■ **Exercise directions**: Would you transcribe exactly the lines below, starting at the one that contains "bread (400,16,618,209)" and ending with the last line, both included? Leave out all other lines.
***** Data for review *****
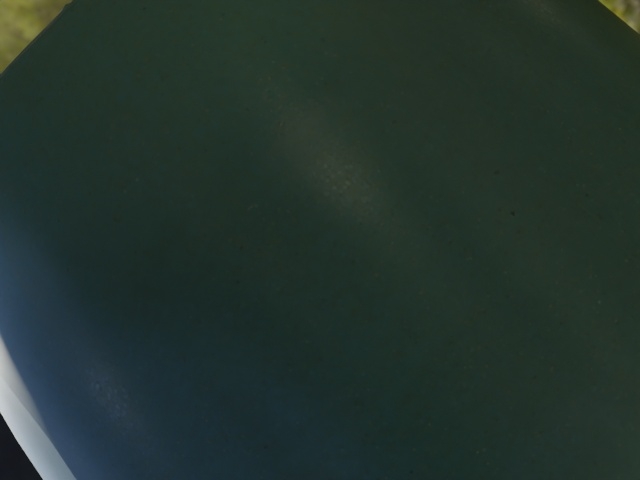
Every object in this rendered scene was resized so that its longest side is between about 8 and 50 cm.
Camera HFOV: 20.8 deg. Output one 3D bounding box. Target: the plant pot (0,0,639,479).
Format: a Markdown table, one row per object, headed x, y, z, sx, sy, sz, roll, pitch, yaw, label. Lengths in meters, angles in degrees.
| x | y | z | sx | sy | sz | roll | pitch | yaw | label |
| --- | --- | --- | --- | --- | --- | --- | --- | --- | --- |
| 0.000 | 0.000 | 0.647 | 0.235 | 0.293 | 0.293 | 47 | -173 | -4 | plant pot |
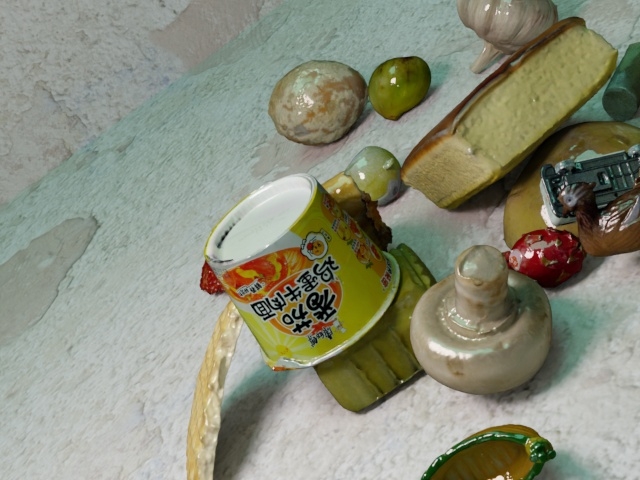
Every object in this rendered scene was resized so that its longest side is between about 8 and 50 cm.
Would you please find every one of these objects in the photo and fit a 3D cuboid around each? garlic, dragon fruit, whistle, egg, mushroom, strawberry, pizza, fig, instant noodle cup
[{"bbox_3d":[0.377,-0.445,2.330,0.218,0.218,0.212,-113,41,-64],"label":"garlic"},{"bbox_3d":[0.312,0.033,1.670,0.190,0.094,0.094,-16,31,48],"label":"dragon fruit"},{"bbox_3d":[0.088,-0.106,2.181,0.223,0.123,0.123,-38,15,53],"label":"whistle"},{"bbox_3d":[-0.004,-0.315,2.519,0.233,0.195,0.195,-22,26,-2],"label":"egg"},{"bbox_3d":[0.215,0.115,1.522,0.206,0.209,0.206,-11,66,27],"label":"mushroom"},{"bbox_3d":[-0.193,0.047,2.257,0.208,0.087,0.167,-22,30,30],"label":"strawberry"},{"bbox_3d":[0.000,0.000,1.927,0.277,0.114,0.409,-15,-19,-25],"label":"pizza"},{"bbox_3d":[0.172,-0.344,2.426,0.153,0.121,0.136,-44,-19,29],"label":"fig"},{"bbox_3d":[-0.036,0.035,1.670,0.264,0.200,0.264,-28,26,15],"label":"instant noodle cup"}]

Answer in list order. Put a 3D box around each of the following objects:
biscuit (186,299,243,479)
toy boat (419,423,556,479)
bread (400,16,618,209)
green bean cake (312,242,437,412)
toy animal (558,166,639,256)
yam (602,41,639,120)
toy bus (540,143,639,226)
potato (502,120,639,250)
*****
■ **Solution for this task**:
bread (400,16,618,209)
green bean cake (312,242,437,412)
toy animal (558,166,639,256)
yam (602,41,639,120)
toy bus (540,143,639,226)
potato (502,120,639,250)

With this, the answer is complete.